Not yet, but I am super interested.

Do you have a way to excite the room and measure the pressure (frequencies) in the corners?

You probably need ^that^ to get the traps built to address the frequencies you want to suck up.

Get a mic and REW and do some measurements in the space.

Are you thinking of the mass loaded membrane traps?
Those are somewhat modellable, but I think you need to have the target freq, and then tune it by adding or taking away a bit of mass at the end… much like a passive radiator.

There are also the round bass traps, which could be added later, as well as active bass “traps”. But starting with the in-wall resonant ones makes a lot of sense.

Once you know the low frequency decay, then just treat the higher freqs so that their delay is similar. (I.e. don’t go overboard with super short ring down times for high frequencies, if the low notes are taking forever to decay.)

The resonant freq on the various places will likely be different along the walls… !

Lowest in corners, then long walls, then short walls.

Usually the most optimal solutions are mostly passive control, with some active control layered on top.

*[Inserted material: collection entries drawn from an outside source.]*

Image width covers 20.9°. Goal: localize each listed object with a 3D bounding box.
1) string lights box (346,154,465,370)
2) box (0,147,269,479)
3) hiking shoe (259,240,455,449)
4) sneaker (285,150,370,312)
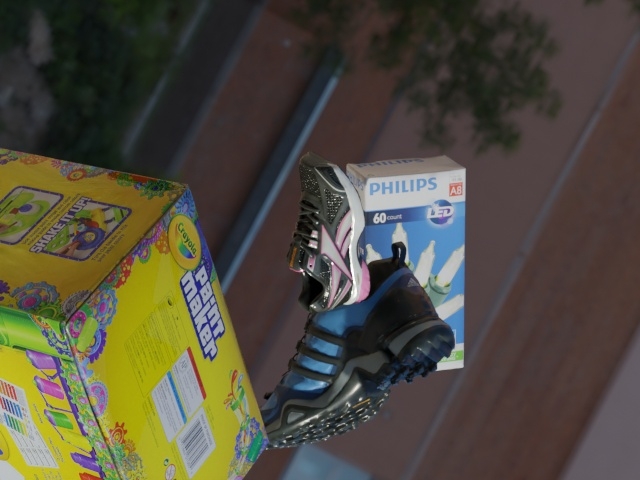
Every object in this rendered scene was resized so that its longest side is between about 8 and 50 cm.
[{"bbox_3d":[0.105,0.032,2.152,0.077,0.133,0.260,-135,-139,-66],"label":"string lights box"},{"bbox_3d":[-0.230,0.095,1.455,0.177,0.279,0.290,-51,141,-38],"label":"box"},{"bbox_3d":[0.020,0.131,1.934,0.304,0.132,0.113,-36,155,32],"label":"hiking shoe"},{"bbox_3d":[0.000,0.000,1.774,0.077,0.178,0.072,-27,-152,-27],"label":"sneaker"}]
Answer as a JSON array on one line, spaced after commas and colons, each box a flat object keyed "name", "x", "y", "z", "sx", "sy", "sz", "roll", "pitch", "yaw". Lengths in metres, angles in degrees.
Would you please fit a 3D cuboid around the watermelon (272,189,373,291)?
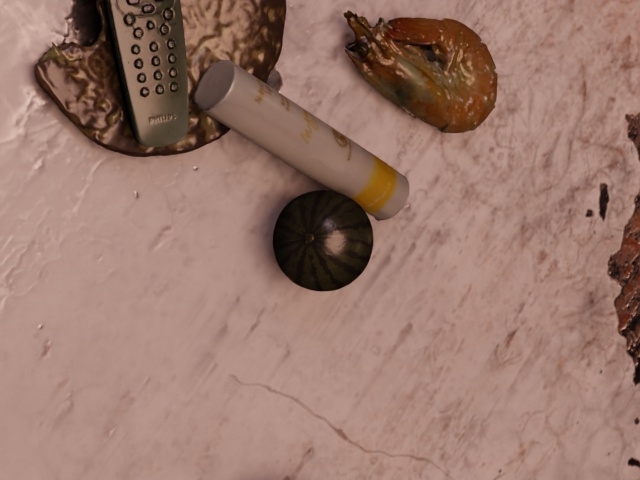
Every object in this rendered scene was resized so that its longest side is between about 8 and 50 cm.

  It does remind me of a product though that didn't go far for room correction. Must have been a financial thing because it made sense to me. I remember some company that used correction in the form of an anti-bass wave being used to cancel out the nodes in the room. Basically a sample was taken during every moment of the music and a microphone and amplifier/speaker combination produced the anti-wave. Seems this system was placed in the corner of a room. Didn't hear much more about it after its inception. 

And using that active control, following the passive bass traps.

... It appears that speaker/listening room placement is the only way to minimize the effect of nulls?

Correct, a null and a peak are destructive interference and a constructive interference respectively.

However the room dimensions will define the peaks that exist in the corners and parallel walls.

This is why I mentioned a microphone in post #2 and #4. One can calculate what they should be, and where. One can also measure what the peaks are at a variety of “where” positions. Knowing that, then you have a map of where the modes are high that need to be absorbed, and what freqs they are at.

We do not get pressure nulls in the corners as easily as we get them in the listening position(s). (We get velocity nulls in the corners and walls,) And your treatments will be located at the walls, so you have the problem constrained there at the wall, and only need to measure there. (But measurements at the listening position should likely also be done.)

As the long modes will be longer, they will be at a lower frequency… and at a lower freq than say the short wall distance modes. And if the traps are low-Q, then they will largely suck out what they should. if they can be made with a lower Q and tuned in-situ then it get easier to be closer to perfection, but the low-Q obviates the need for being “overly perfect”.

Treatments fix the peaks. And yes placement the nulls.
So focus on the peaks for the wall treatment.